EXERCISE DETAILS:
Transcribe exactly the line containing "techniques: etching" and each line after it, through the end of the entries, with nothing before or after.

==============================

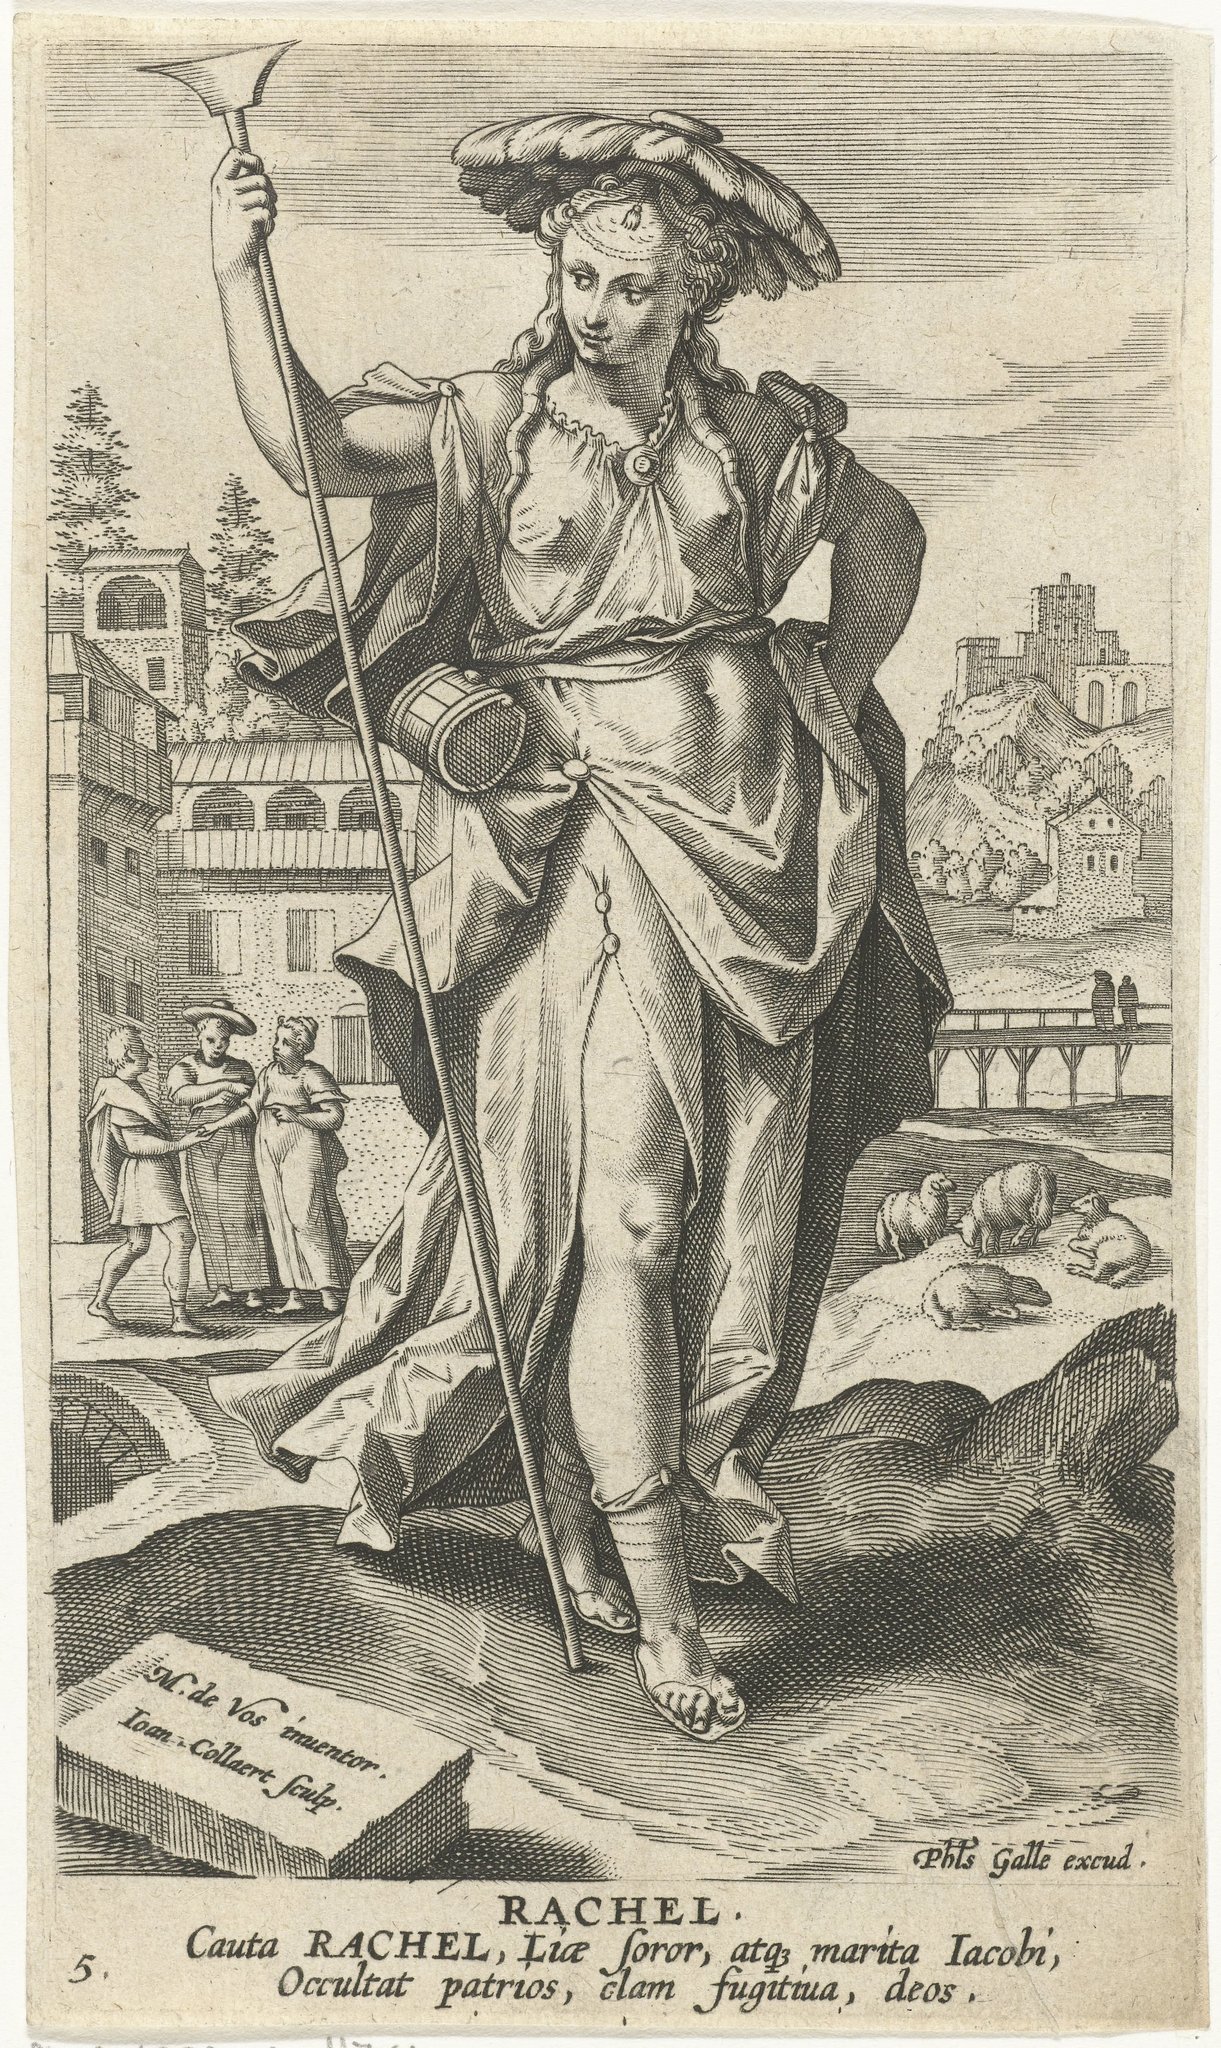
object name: print
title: Icones Illvstrivm Feminarvm Veteris Testamenti
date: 1588-1597
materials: paper
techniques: engraving
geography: antwerp
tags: jacob sees rachel coming to the well to water laban's sheep, rachel (not in biblical context)
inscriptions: collector's mark: Lugt 2228
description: Op de voorgrond Rachel. de tweede vrouw van Jacob. Op de achtergrond wordt Jacob voorgesteld aan de dienstmeid van Rachel, met wie hij een kind moet verwekken. De prent heeft een Latijns onderschrift en maakt deel uit van een prentserie met beroemde vrouwen uit het Oude Testament.
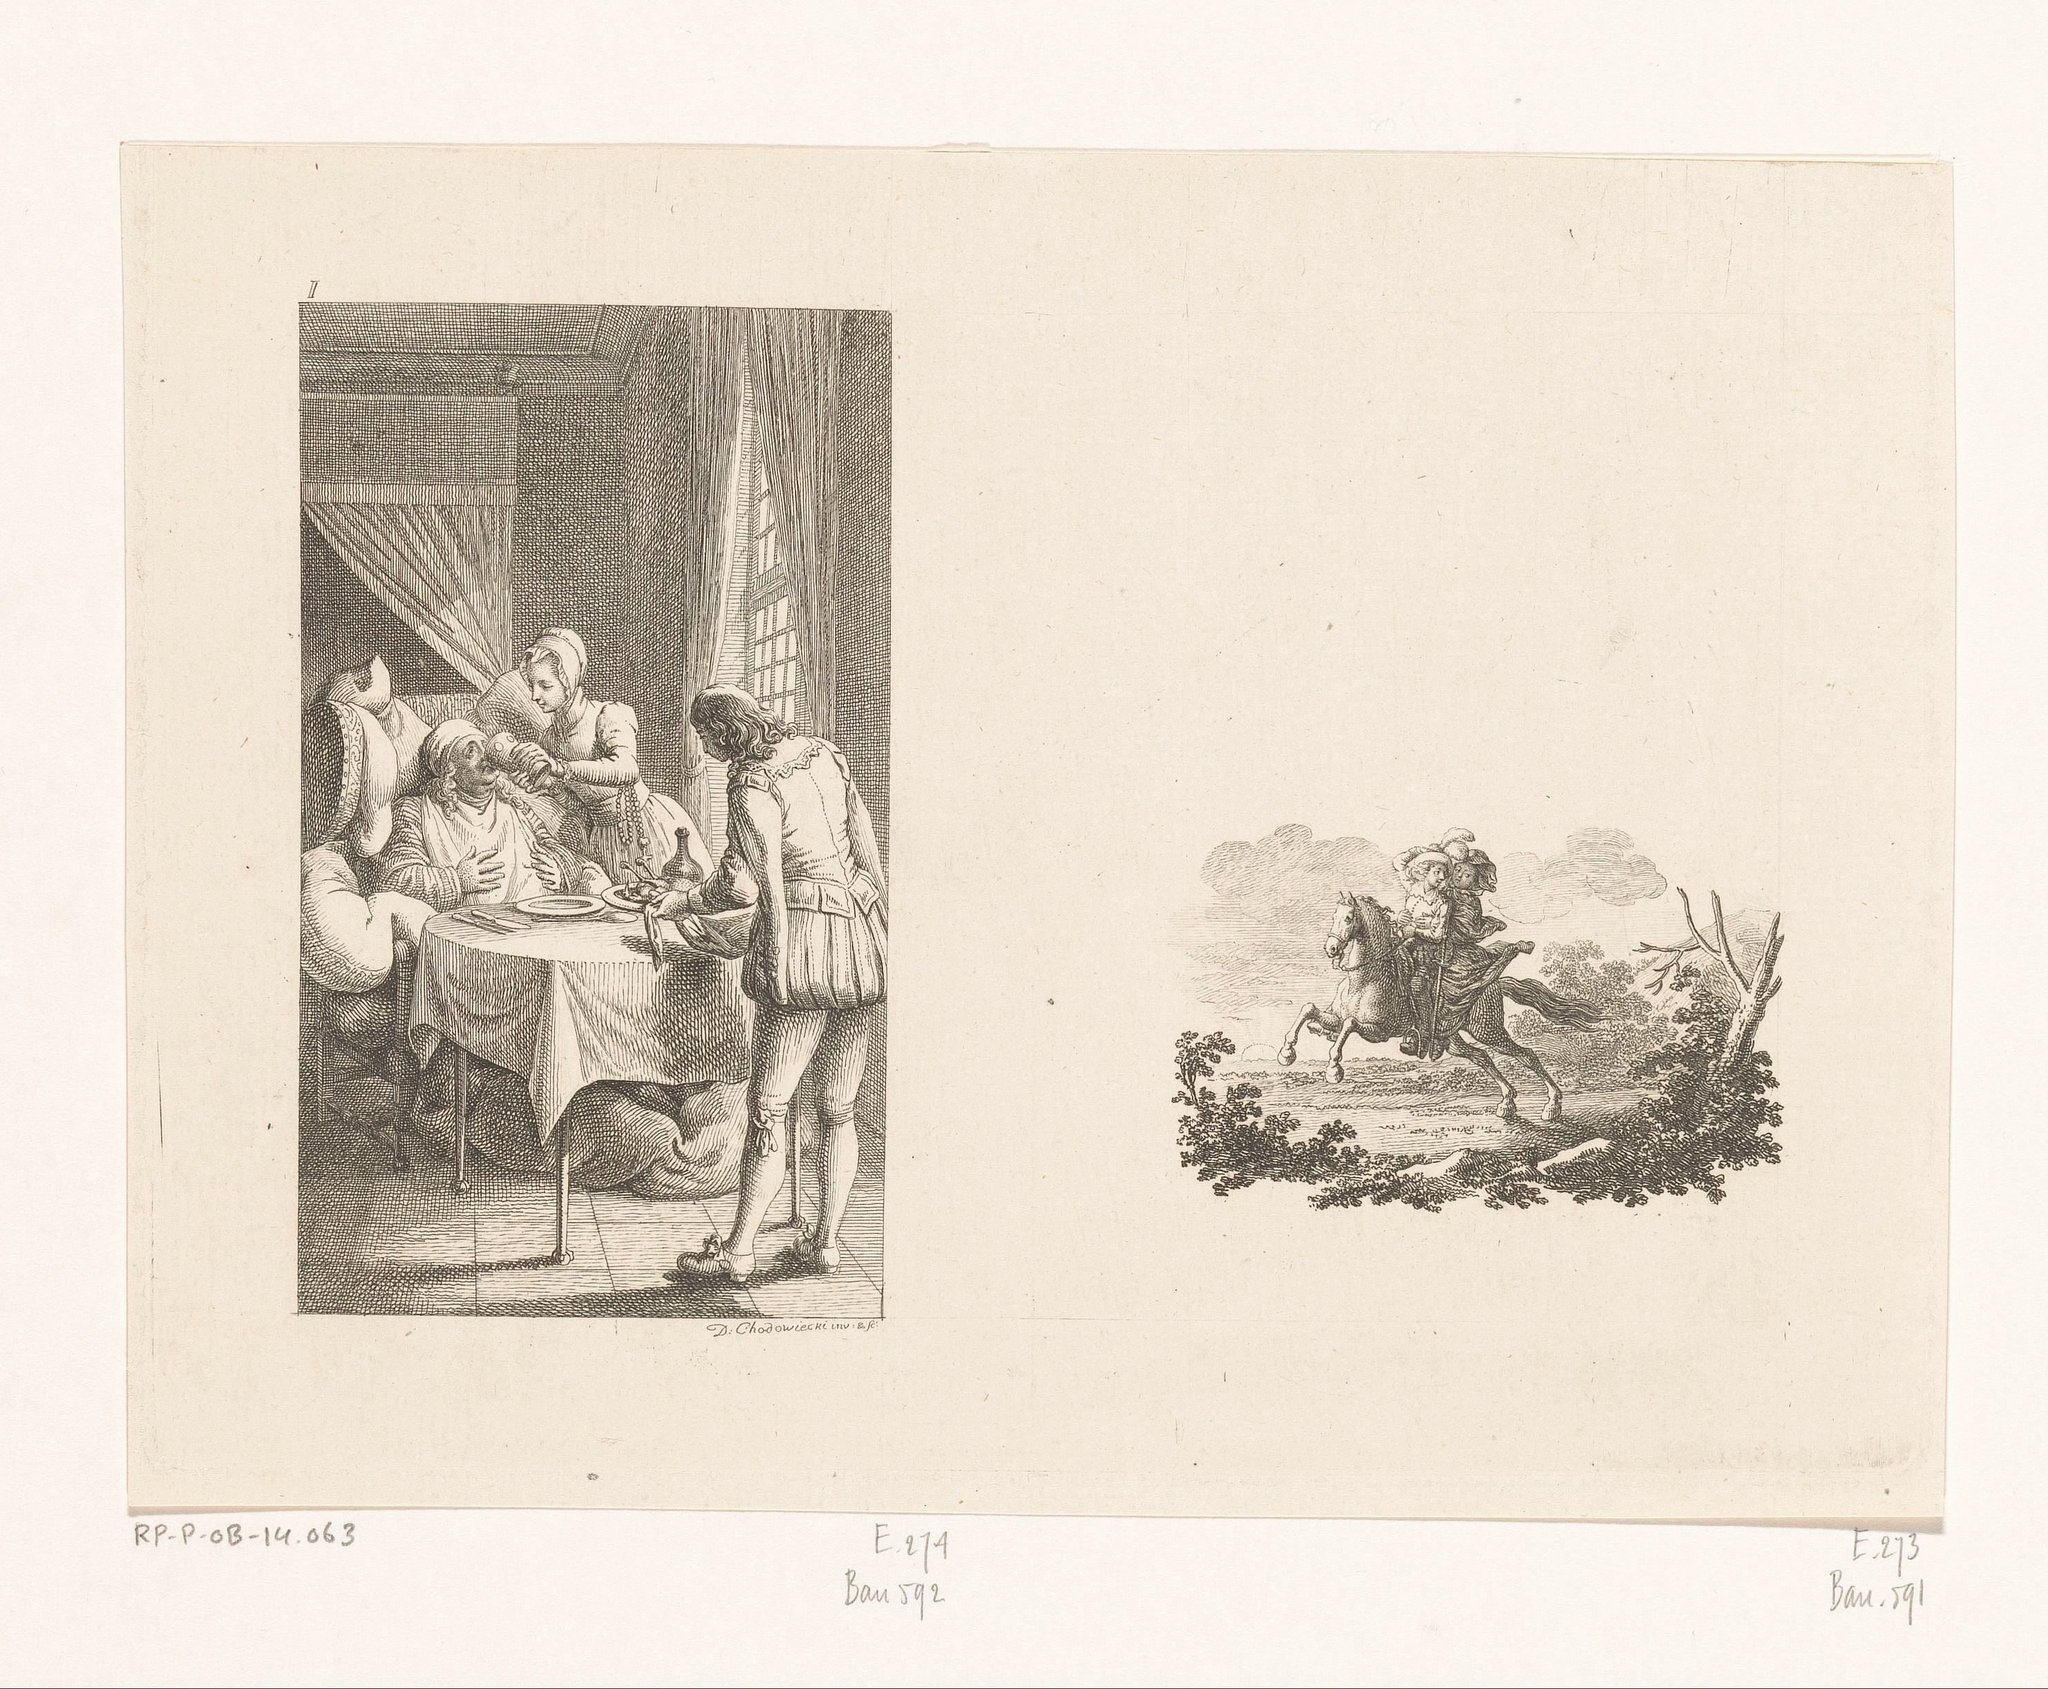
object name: print
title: Gil Blas als bediende en vignet met Gil Blas te paard
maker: daniel nikolaus chodowiecki
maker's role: draughtsman, print maker
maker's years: 1726-1801
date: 1778
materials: paper
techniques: etching
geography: berlin
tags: literature, horse in motion, nursing, tending the sick, house personnel, servants
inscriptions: collector's mark: Lugt 2228
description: Deze prenten maken deel uit van een serie van twaalf voorstellingen die de geschiedenis van 'Gil Blas' illustreren. Een latere staat van deze prenten is ook gebruikt in Alain-René Lesage. Gil Blas von Santillana. Neu übersetzt [door Wilhelm Christhelf Sigmund Mylius]. 6 dln. Berlijn: Christian Friedrich Himburg, 1779, dl. 1.

==============================

RESPONSE TO THIS TASK:
techniques: etching
geography: berlin
tags: literature, horse in motion, nursing, tending the sick, house personnel, servants
inscriptions: collector's mark: Lugt 2228
description: Deze prenten maken deel uit van een serie van twaalf voorstellingen die de geschiedenis van 'Gil Blas' illustreren. Een latere staat van deze prenten is ook gebruikt in Alain-René Lesage. Gil Blas von Santillana. Neu übersetzt [door Wilhelm Christhelf Sigmund Mylius]. 6 dln. Berlijn: Christian Friedrich Himburg, 1779, dl. 1.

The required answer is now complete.